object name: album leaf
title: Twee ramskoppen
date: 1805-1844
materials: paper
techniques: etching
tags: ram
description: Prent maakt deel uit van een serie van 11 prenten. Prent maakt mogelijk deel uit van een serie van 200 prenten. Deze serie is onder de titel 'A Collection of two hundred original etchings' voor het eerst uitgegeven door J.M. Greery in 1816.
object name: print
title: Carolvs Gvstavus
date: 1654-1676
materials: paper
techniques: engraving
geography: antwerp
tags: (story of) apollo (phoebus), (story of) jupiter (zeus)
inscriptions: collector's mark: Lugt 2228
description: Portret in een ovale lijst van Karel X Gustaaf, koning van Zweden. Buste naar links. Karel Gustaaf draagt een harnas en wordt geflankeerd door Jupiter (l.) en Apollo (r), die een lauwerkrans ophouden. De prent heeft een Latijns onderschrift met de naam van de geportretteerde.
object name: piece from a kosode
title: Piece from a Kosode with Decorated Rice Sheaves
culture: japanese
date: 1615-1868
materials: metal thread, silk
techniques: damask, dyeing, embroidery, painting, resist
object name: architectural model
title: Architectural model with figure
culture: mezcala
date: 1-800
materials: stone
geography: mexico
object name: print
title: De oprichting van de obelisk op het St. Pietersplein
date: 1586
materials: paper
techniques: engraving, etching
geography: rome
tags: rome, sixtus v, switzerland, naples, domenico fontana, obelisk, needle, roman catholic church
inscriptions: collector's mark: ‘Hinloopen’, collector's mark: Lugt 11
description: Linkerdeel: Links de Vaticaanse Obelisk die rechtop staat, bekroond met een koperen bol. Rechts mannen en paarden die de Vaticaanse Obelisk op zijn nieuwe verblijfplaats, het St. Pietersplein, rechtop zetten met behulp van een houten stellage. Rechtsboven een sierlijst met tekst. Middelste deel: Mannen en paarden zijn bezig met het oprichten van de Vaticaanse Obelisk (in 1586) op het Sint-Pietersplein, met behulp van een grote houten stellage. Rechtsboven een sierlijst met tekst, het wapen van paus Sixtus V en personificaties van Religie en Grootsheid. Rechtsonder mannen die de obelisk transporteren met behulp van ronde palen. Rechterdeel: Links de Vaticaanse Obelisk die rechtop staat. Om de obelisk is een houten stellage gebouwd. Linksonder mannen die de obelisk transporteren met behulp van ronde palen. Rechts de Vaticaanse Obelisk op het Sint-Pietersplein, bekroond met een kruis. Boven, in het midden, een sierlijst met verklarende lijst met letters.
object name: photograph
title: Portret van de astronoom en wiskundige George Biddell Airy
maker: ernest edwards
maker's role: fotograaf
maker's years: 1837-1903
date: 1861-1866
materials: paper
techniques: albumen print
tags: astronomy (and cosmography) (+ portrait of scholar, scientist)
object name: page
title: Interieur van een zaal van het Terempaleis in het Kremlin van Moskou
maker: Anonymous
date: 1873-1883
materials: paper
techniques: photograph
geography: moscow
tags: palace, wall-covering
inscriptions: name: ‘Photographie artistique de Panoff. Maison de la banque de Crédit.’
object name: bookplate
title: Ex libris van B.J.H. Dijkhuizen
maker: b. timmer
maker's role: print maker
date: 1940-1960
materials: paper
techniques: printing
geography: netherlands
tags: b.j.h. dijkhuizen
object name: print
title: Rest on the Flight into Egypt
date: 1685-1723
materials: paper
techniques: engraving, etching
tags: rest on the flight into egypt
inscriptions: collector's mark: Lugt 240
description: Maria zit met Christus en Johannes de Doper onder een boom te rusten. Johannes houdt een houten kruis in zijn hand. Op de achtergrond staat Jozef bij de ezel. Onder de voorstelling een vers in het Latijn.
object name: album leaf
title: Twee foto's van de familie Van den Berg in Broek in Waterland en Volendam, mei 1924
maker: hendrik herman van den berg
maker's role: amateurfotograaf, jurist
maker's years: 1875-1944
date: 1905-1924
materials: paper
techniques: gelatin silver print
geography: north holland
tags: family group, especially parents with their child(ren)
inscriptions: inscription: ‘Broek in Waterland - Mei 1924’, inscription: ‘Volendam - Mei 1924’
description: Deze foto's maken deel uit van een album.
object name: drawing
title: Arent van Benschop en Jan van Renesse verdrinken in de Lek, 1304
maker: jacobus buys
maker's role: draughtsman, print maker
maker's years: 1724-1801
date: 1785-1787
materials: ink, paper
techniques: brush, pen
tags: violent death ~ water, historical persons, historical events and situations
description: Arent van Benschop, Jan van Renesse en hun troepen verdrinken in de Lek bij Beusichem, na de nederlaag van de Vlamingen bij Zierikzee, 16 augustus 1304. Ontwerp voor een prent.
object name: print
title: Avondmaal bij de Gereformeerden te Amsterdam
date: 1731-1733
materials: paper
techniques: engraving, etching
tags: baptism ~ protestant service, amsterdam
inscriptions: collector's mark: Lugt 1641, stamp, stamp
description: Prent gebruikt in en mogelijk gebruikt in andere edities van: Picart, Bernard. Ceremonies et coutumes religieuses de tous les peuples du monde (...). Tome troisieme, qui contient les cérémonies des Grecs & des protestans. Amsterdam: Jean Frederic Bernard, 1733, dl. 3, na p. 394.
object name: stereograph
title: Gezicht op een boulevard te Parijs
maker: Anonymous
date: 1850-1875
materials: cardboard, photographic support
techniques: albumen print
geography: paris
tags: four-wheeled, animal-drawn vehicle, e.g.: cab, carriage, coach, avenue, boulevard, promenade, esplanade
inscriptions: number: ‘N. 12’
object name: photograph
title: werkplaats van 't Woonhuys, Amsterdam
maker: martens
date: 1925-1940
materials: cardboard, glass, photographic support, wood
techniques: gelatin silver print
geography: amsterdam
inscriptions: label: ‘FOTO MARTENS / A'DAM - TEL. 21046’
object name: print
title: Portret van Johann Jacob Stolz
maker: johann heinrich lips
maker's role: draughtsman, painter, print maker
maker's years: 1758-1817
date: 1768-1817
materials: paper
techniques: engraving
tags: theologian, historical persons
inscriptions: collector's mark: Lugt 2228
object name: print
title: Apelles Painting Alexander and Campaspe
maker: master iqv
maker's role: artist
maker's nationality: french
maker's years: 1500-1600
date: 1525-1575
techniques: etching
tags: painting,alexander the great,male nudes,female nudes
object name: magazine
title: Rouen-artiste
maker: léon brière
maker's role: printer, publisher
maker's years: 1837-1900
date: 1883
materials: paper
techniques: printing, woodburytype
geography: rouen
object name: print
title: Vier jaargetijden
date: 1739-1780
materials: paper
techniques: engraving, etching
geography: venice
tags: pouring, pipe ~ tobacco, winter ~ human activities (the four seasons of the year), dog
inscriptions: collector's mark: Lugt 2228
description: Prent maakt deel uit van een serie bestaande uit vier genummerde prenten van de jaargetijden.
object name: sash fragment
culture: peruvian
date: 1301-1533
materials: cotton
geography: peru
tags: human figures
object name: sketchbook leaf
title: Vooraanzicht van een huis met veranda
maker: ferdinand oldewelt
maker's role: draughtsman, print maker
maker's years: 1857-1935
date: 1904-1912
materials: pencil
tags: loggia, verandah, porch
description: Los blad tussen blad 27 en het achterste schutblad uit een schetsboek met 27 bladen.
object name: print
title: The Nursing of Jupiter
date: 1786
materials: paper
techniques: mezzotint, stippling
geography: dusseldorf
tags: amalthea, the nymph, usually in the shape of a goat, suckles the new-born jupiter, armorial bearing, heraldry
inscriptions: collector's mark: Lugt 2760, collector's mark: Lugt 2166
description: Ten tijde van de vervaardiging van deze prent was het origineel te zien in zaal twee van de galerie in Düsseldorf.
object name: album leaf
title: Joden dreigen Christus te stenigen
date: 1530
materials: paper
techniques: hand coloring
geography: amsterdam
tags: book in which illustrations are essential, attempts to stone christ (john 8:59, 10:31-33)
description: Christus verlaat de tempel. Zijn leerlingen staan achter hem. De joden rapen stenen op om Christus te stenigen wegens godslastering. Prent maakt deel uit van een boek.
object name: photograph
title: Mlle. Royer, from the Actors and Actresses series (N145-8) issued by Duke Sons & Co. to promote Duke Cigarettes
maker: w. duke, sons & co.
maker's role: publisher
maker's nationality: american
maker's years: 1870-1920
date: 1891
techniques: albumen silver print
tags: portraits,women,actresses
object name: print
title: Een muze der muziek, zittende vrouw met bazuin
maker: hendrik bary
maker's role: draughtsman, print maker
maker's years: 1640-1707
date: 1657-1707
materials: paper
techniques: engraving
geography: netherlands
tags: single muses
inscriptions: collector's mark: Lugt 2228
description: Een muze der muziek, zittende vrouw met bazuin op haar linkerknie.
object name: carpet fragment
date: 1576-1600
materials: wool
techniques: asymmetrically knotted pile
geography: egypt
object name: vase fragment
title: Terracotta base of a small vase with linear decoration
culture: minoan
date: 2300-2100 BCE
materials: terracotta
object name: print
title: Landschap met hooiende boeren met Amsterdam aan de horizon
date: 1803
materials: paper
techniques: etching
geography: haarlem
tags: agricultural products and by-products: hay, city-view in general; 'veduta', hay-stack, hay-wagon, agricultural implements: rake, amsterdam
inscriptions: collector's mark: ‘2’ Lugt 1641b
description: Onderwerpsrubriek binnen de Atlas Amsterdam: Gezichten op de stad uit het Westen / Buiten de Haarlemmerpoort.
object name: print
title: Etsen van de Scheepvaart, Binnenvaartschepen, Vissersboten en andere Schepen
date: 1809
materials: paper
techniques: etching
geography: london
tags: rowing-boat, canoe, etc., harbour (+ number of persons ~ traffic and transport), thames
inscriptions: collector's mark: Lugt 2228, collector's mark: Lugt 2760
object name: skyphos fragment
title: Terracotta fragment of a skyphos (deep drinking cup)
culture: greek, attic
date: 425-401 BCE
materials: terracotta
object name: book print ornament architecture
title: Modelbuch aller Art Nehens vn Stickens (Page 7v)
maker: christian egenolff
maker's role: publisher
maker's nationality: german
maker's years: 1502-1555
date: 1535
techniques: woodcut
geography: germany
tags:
____
» **Problem description**
An exact copy of the lines from the one with "maker's nationality: german" through the final line of the entries is the whole answer.

» **Result**
maker's nationality: german
maker's years: 1502-1555
date: 1535
techniques: woodcut
geography: germany
tags:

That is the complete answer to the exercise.